--- WHAT YOU ARE ASKED TO DO ---
Some entries follow. Reproduce exactly the lines starting at the one with "text Reactie op verzoek commissie om" and stopping after the one with "text Rondgezonden en gepubliceerd. [115, 653, 605, 672]".

--- MATERIAL SHOWN ---
# # # # #

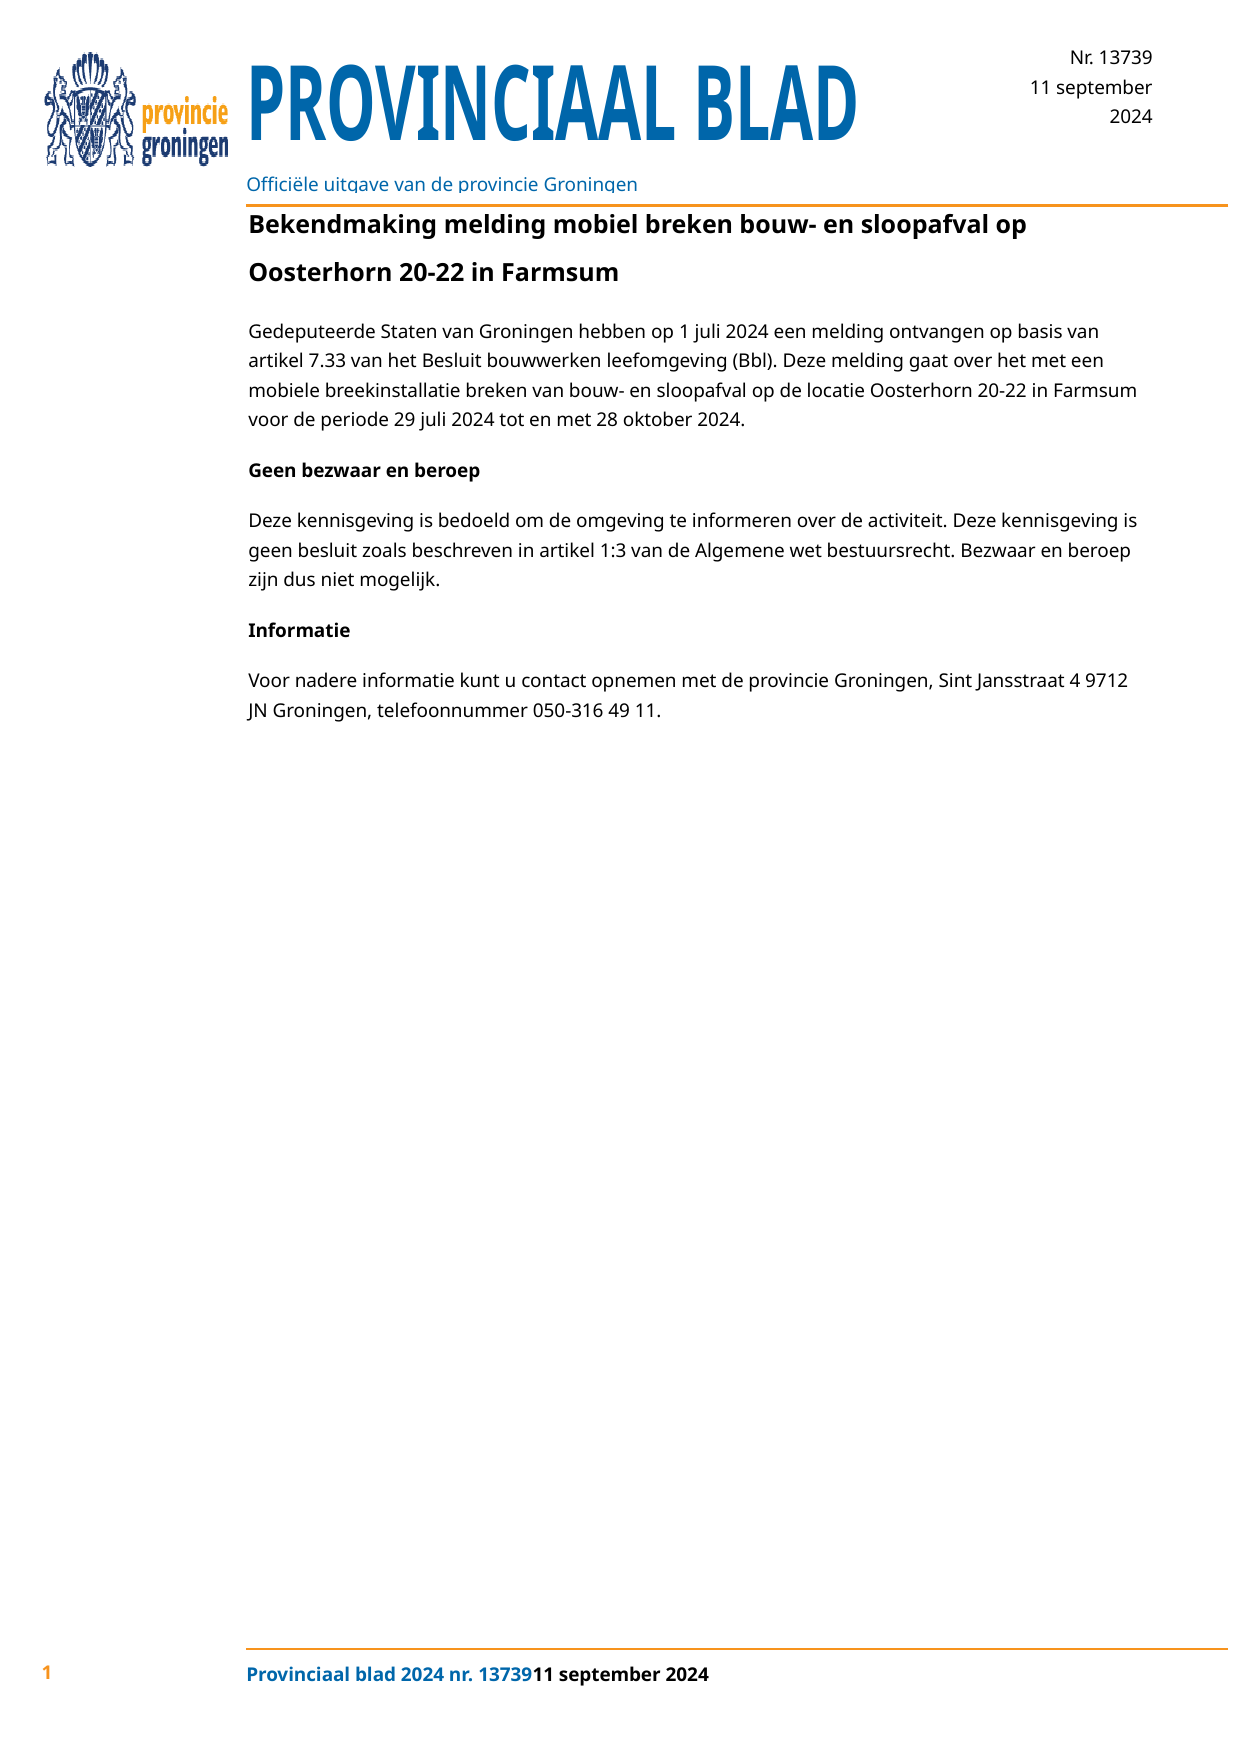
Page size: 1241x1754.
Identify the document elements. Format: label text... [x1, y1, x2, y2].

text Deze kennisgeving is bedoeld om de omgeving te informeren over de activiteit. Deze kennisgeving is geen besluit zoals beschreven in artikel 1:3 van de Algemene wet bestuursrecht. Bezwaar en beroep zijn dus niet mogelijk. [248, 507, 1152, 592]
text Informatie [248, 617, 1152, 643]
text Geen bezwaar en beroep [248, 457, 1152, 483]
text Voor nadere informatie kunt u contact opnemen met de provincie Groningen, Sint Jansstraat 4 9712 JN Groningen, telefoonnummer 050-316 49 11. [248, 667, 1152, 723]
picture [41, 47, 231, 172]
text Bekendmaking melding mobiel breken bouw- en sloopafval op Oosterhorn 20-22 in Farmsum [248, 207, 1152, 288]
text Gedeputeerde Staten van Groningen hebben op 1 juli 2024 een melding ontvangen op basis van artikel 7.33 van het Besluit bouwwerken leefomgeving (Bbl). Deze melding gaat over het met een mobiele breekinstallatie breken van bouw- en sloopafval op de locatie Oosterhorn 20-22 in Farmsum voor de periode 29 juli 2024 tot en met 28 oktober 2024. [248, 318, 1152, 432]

# # # # #

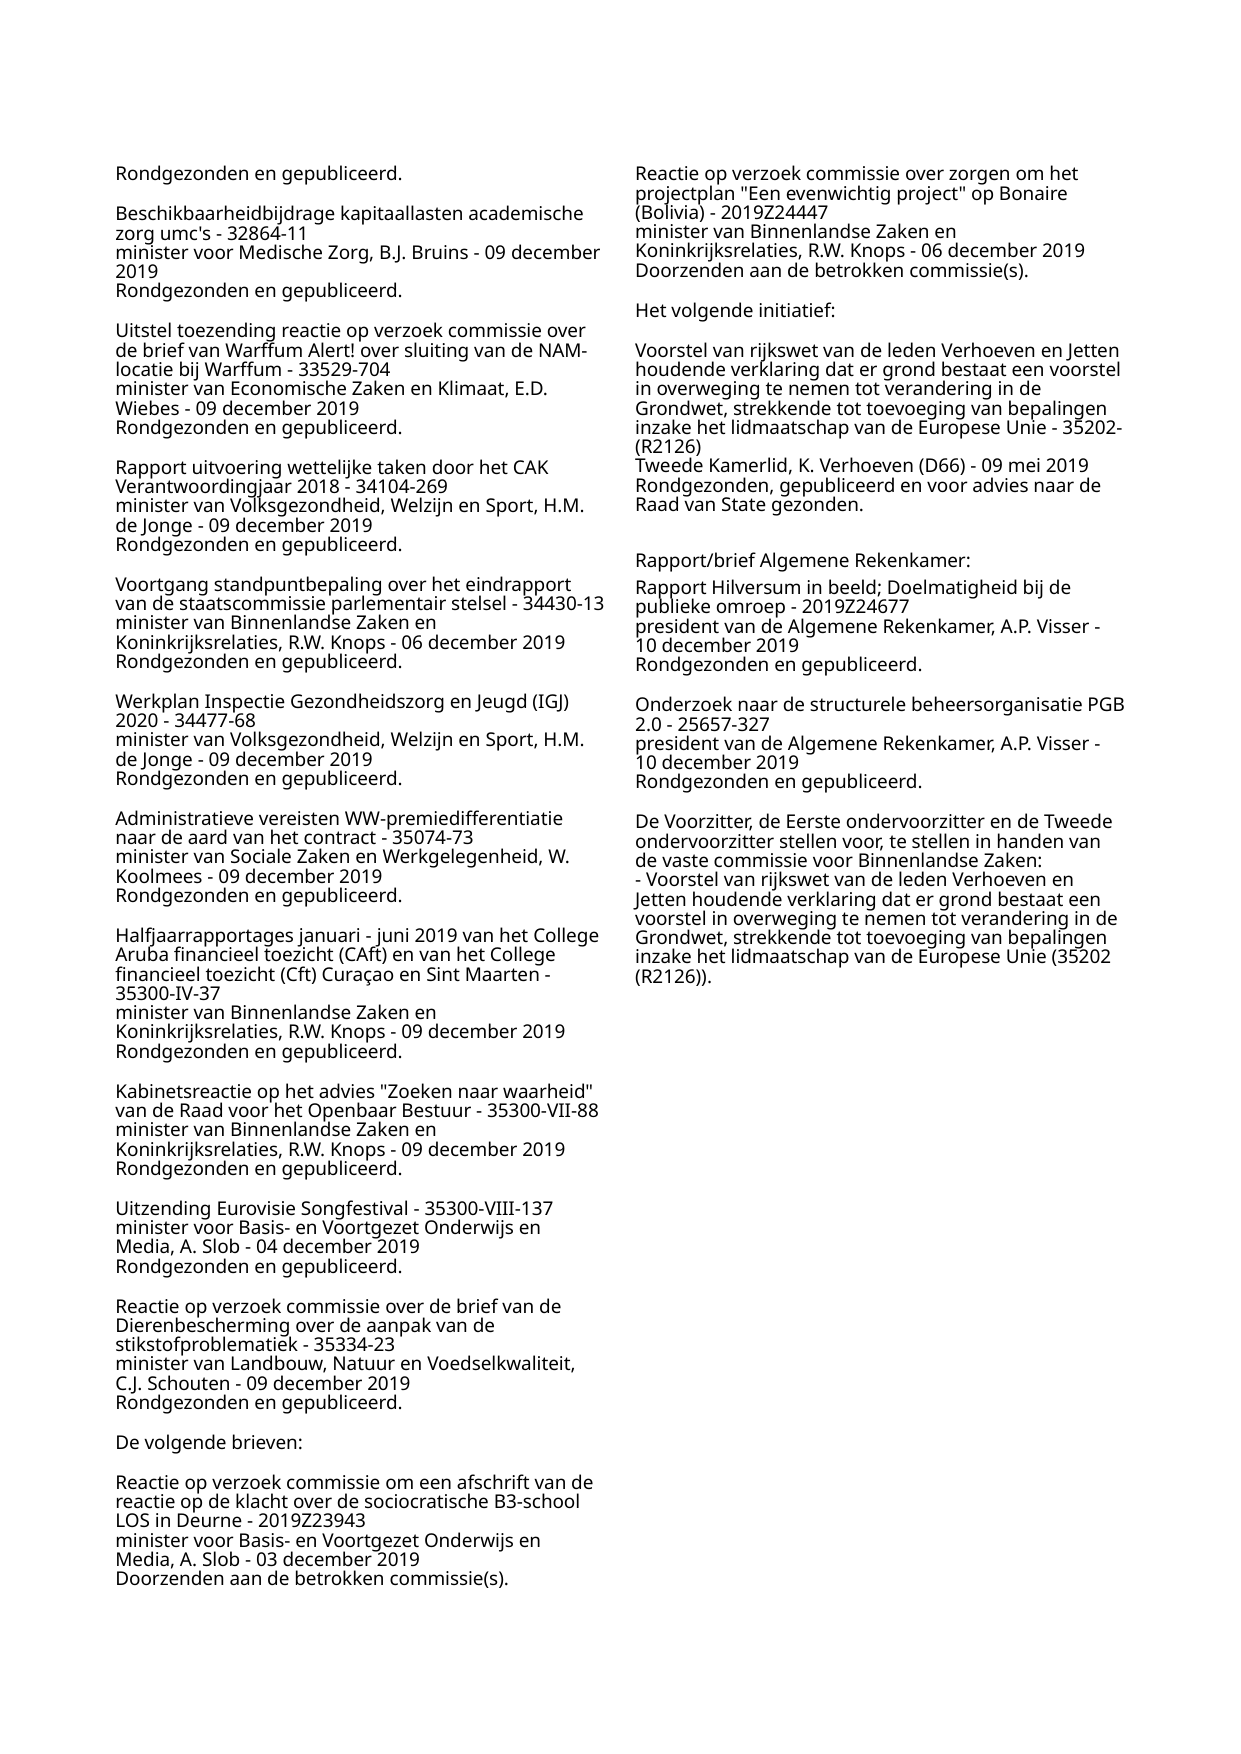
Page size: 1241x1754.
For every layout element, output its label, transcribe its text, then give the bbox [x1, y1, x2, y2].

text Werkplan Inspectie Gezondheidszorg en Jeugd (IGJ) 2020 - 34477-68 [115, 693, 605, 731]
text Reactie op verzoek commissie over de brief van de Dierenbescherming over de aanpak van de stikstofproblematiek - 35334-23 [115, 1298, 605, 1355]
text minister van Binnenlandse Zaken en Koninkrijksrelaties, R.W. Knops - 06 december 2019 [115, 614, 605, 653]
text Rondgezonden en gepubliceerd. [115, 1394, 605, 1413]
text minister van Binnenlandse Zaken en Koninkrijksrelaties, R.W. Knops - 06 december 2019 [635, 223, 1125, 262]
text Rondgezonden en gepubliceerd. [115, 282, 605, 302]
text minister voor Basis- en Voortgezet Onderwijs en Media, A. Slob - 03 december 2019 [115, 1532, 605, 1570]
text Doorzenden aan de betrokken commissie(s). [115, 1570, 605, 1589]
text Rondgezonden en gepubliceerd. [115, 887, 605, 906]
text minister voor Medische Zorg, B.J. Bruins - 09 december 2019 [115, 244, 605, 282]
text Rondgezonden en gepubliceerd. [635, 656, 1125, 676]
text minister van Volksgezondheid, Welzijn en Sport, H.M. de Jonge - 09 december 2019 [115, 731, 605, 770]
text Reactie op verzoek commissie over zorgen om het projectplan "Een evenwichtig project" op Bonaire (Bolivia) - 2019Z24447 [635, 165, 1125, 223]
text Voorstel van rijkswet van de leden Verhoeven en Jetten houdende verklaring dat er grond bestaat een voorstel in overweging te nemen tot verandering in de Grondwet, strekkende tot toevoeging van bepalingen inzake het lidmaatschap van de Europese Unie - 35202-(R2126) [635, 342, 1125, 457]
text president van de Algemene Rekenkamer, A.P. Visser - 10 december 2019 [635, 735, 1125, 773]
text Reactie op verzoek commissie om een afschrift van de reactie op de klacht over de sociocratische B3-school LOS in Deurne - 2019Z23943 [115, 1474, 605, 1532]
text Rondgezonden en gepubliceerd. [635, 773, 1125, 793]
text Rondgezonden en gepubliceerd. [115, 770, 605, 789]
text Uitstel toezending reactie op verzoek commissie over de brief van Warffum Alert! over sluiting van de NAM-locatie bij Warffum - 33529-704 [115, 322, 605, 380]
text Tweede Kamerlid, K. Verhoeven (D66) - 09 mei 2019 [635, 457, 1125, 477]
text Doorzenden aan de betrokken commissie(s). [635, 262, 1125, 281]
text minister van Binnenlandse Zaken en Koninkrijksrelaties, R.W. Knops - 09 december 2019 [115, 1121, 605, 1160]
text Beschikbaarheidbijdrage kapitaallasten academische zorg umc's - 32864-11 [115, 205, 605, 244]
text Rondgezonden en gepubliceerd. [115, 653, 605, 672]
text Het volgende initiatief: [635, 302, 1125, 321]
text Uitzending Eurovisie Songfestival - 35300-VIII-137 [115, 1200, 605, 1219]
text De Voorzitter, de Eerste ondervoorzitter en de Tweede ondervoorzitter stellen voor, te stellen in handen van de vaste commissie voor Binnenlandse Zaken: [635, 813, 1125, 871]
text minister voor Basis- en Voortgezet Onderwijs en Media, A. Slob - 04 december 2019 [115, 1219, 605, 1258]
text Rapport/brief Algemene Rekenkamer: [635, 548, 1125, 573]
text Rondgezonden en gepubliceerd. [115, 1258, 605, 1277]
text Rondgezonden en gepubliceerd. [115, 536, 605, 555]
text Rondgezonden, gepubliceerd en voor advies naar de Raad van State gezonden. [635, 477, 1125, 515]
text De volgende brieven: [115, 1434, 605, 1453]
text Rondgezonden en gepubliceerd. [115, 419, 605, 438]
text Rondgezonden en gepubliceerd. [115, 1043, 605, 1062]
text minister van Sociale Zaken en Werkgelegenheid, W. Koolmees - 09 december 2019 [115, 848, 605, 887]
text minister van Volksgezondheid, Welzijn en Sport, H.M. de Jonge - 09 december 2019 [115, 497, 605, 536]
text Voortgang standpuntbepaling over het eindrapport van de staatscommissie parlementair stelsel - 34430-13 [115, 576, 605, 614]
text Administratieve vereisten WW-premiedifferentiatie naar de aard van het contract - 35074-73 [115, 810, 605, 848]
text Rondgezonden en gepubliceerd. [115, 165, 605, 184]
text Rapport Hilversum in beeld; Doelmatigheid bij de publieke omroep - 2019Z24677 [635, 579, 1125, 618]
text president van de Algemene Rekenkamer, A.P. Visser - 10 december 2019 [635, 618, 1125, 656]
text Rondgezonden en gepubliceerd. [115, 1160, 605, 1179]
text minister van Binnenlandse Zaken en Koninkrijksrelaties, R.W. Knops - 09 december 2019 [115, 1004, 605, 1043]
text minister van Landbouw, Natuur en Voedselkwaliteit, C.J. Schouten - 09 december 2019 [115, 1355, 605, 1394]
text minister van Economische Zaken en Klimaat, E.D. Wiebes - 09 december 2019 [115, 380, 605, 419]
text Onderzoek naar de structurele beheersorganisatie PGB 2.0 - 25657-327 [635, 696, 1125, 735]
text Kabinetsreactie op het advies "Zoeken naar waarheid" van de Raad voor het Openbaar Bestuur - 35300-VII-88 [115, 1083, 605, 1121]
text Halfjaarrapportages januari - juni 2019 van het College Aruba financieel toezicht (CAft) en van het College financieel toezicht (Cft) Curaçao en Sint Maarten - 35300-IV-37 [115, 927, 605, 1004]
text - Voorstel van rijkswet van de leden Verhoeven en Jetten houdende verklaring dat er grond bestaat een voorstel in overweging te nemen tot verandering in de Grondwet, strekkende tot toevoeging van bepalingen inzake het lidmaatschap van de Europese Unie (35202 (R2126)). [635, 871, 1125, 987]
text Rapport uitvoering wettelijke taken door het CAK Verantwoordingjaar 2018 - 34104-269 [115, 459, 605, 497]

# # # # #

--- SOLUTION ---
text Reactie op verzoek commissie om een afschrift van de reactie op de klacht over de sociocratische B3-school LOS in Deurne - 2019Z23943 [115, 1474, 605, 1532]
text Rondgezonden en gepubliceerd. [635, 773, 1125, 793]
text Rondgezonden en gepubliceerd. [115, 770, 605, 789]
text Uitstel toezending reactie op verzoek commissie over de brief van Warffum Alert! over sluiting van de NAM-locatie bij Warffum - 33529-704 [115, 322, 605, 380]
text Tweede Kamerlid, K. Verhoeven (D66) - 09 mei 2019 [635, 457, 1125, 477]
text Doorzenden aan de betrokken commissie(s). [635, 262, 1125, 281]
text minister van Binnenlandse Zaken en Koninkrijksrelaties, R.W. Knops - 09 december 2019 [115, 1121, 605, 1160]
text Beschikbaarheidbijdrage kapitaallasten academische zorg umc's - 32864-11 [115, 205, 605, 244]
text Rondgezonden en gepubliceerd. [115, 653, 605, 672]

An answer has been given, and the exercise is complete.